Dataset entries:

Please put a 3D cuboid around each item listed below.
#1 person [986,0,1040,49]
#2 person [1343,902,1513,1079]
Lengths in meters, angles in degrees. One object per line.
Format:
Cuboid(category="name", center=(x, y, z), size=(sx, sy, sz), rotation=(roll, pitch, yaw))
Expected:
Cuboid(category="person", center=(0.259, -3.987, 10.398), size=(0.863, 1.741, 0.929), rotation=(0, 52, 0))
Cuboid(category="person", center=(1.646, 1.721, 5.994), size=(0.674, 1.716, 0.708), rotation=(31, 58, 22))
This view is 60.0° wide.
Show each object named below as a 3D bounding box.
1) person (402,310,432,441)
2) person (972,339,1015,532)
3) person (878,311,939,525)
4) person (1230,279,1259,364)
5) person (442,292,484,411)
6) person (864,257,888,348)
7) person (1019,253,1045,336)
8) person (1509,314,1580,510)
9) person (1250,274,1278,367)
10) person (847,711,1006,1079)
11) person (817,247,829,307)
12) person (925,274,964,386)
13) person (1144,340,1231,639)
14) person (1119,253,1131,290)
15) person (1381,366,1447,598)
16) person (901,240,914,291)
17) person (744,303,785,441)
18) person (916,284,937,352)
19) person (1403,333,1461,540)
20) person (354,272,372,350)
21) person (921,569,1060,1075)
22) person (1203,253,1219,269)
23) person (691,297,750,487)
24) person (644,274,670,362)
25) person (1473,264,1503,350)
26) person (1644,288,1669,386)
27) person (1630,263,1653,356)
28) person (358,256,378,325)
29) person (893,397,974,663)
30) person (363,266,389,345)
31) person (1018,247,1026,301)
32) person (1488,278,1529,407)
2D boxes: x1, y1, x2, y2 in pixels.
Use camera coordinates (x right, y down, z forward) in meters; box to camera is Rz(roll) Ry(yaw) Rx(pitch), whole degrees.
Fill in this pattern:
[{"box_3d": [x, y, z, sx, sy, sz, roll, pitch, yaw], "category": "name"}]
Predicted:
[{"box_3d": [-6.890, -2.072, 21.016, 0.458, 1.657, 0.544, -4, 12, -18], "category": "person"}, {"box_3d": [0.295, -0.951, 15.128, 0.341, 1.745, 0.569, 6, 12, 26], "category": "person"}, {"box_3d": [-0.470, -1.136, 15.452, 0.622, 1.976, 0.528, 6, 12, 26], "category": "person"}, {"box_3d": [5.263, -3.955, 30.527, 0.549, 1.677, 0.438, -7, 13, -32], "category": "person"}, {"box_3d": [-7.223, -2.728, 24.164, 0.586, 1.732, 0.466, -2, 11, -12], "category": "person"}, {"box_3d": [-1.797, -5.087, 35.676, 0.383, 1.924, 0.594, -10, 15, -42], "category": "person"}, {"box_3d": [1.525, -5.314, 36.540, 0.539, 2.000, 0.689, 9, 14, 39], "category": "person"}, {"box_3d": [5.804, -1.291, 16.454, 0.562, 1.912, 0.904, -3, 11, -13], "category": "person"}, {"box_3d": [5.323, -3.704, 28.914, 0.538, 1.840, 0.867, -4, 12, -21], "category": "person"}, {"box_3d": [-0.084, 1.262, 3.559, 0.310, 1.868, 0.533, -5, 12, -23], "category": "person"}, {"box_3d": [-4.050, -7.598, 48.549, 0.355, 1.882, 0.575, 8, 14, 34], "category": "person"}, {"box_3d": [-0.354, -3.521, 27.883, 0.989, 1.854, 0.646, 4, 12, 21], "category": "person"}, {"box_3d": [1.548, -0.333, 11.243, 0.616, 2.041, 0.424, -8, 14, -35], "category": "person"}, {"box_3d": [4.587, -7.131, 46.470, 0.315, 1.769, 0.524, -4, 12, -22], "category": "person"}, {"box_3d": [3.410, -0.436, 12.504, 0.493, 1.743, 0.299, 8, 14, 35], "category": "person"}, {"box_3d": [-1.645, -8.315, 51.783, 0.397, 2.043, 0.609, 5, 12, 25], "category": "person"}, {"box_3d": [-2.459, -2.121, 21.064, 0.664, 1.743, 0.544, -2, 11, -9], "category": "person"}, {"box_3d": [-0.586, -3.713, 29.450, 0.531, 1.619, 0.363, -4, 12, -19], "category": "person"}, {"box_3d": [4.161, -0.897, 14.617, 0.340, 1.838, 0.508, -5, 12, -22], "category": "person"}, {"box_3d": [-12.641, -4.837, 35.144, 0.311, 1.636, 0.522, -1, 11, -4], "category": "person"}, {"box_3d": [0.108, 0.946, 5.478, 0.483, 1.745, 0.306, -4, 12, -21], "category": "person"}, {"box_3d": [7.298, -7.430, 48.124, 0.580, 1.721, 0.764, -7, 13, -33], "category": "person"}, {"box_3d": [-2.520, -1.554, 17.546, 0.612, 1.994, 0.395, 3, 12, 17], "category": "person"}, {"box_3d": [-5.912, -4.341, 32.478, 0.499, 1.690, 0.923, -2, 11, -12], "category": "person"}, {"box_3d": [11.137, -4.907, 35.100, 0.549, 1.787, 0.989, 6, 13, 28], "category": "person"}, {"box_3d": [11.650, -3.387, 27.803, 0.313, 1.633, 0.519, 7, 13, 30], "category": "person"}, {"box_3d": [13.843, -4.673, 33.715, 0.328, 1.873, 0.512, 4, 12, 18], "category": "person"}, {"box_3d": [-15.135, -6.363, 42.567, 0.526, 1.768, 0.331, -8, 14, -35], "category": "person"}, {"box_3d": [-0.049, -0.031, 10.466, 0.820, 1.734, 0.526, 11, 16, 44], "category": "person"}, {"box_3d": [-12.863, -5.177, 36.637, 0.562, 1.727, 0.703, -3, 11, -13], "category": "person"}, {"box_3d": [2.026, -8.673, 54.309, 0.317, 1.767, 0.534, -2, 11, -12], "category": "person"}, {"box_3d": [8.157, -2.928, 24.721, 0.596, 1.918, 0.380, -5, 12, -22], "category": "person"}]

Instructions to follow:
The records above need to be retyped in full, exactly as they stand.

Expected answer:
Please put a 3D cuboid around each item listed below.
#1 person [986,0,1040,49]
#2 person [1343,902,1513,1079]
Lengths in meters, angles in degrees. One object per line.
Format:
Cuboid(category="name", center=(x, y, z), size=(sx, sy, sz), rotation=(roll, pitch, yaw))
Expected:
Cuboid(category="person", center=(0.259, -3.987, 10.398), size=(0.863, 1.741, 0.929), rotation=(0, 52, 0))
Cuboid(category="person", center=(1.646, 1.721, 5.994), size=(0.674, 1.716, 0.708), rotation=(31, 58, 22))
This view is 60.0° wide.
Show each object named below as a 3D bounding box.
1) person (402,310,432,441)
2) person (972,339,1015,532)
3) person (878,311,939,525)
4) person (1230,279,1259,364)
5) person (442,292,484,411)
6) person (864,257,888,348)
7) person (1019,253,1045,336)
8) person (1509,314,1580,510)
9) person (1250,274,1278,367)
10) person (847,711,1006,1079)
11) person (817,247,829,307)
12) person (925,274,964,386)
13) person (1144,340,1231,639)
14) person (1119,253,1131,290)
15) person (1381,366,1447,598)
16) person (901,240,914,291)
17) person (744,303,785,441)
18) person (916,284,937,352)
19) person (1403,333,1461,540)
20) person (354,272,372,350)
21) person (921,569,1060,1075)
22) person (1203,253,1219,269)
23) person (691,297,750,487)
24) person (644,274,670,362)
25) person (1473,264,1503,350)
26) person (1644,288,1669,386)
27) person (1630,263,1653,356)
28) person (358,256,378,325)
29) person (893,397,974,663)
30) person (363,266,389,345)
31) person (1018,247,1026,301)
32) person (1488,278,1529,407)
2D boxes: x1, y1, x2, y2 in pixels.
Use camera coordinates (x right, y down, z forward) in meters; box to camera is Rz(roll) Ry(yaw) Rx(pitch), whole degrees.
Fill in this pattern:
[{"box_3d": [x, y, z, sx, sy, sz, roll, pitch, yaw], "category": "name"}]
Predicted:
[{"box_3d": [-6.890, -2.072, 21.016, 0.458, 1.657, 0.544, -4, 12, -18], "category": "person"}, {"box_3d": [0.295, -0.951, 15.128, 0.341, 1.745, 0.569, 6, 12, 26], "category": "person"}, {"box_3d": [-0.470, -1.136, 15.452, 0.622, 1.976, 0.528, 6, 12, 26], "category": "person"}, {"box_3d": [5.263, -3.955, 30.527, 0.549, 1.677, 0.438, -7, 13, -32], "category": "person"}, {"box_3d": [-7.223, -2.728, 24.164, 0.586, 1.732, 0.466, -2, 11, -12], "category": "person"}, {"box_3d": [-1.797, -5.087, 35.676, 0.383, 1.924, 0.594, -10, 15, -42], "category": "person"}, {"box_3d": [1.525, -5.314, 36.540, 0.539, 2.000, 0.689, 9, 14, 39], "category": "person"}, {"box_3d": [5.804, -1.291, 16.454, 0.562, 1.912, 0.904, -3, 11, -13], "category": "person"}, {"box_3d": [5.323, -3.704, 28.914, 0.538, 1.840, 0.867, -4, 12, -21], "category": "person"}, {"box_3d": [-0.084, 1.262, 3.559, 0.310, 1.868, 0.533, -5, 12, -23], "category": "person"}, {"box_3d": [-4.050, -7.598, 48.549, 0.355, 1.882, 0.575, 8, 14, 34], "category": "person"}, {"box_3d": [-0.354, -3.521, 27.883, 0.989, 1.854, 0.646, 4, 12, 21], "category": "person"}, {"box_3d": [1.548, -0.333, 11.243, 0.616, 2.041, 0.424, -8, 14, -35], "category": "person"}, {"box_3d": [4.587, -7.131, 46.470, 0.315, 1.769, 0.524, -4, 12, -22], "category": "person"}, {"box_3d": [3.410, -0.436, 12.504, 0.493, 1.743, 0.299, 8, 14, 35], "category": "person"}, {"box_3d": [-1.645, -8.315, 51.783, 0.397, 2.043, 0.609, 5, 12, 25], "category": "person"}, {"box_3d": [-2.459, -2.121, 21.064, 0.664, 1.743, 0.544, -2, 11, -9], "category": "person"}, {"box_3d": [-0.586, -3.713, 29.450, 0.531, 1.619, 0.363, -4, 12, -19], "category": "person"}, {"box_3d": [4.161, -0.897, 14.617, 0.340, 1.838, 0.508, -5, 12, -22], "category": "person"}, {"box_3d": [-12.641, -4.837, 35.144, 0.311, 1.636, 0.522, -1, 11, -4], "category": "person"}, {"box_3d": [0.108, 0.946, 5.478, 0.483, 1.745, 0.306, -4, 12, -21], "category": "person"}, {"box_3d": [7.298, -7.430, 48.124, 0.580, 1.721, 0.764, -7, 13, -33], "category": "person"}, {"box_3d": [-2.520, -1.554, 17.546, 0.612, 1.994, 0.395, 3, 12, 17], "category": "person"}, {"box_3d": [-5.912, -4.341, 32.478, 0.499, 1.690, 0.923, -2, 11, -12], "category": "person"}, {"box_3d": [11.137, -4.907, 35.100, 0.549, 1.787, 0.989, 6, 13, 28], "category": "person"}, {"box_3d": [11.650, -3.387, 27.803, 0.313, 1.633, 0.519, 7, 13, 30], "category": "person"}, {"box_3d": [13.843, -4.673, 33.715, 0.328, 1.873, 0.512, 4, 12, 18], "category": "person"}, {"box_3d": [-15.135, -6.363, 42.567, 0.526, 1.768, 0.331, -8, 14, -35], "category": "person"}, {"box_3d": [-0.049, -0.031, 10.466, 0.820, 1.734, 0.526, 11, 16, 44], "category": "person"}, {"box_3d": [-12.863, -5.177, 36.637, 0.562, 1.727, 0.703, -3, 11, -13], "category": "person"}, {"box_3d": [2.026, -8.673, 54.309, 0.317, 1.767, 0.534, -2, 11, -12], "category": "person"}, {"box_3d": [8.157, -2.928, 24.721, 0.596, 1.918, 0.380, -5, 12, -22], "category": "person"}]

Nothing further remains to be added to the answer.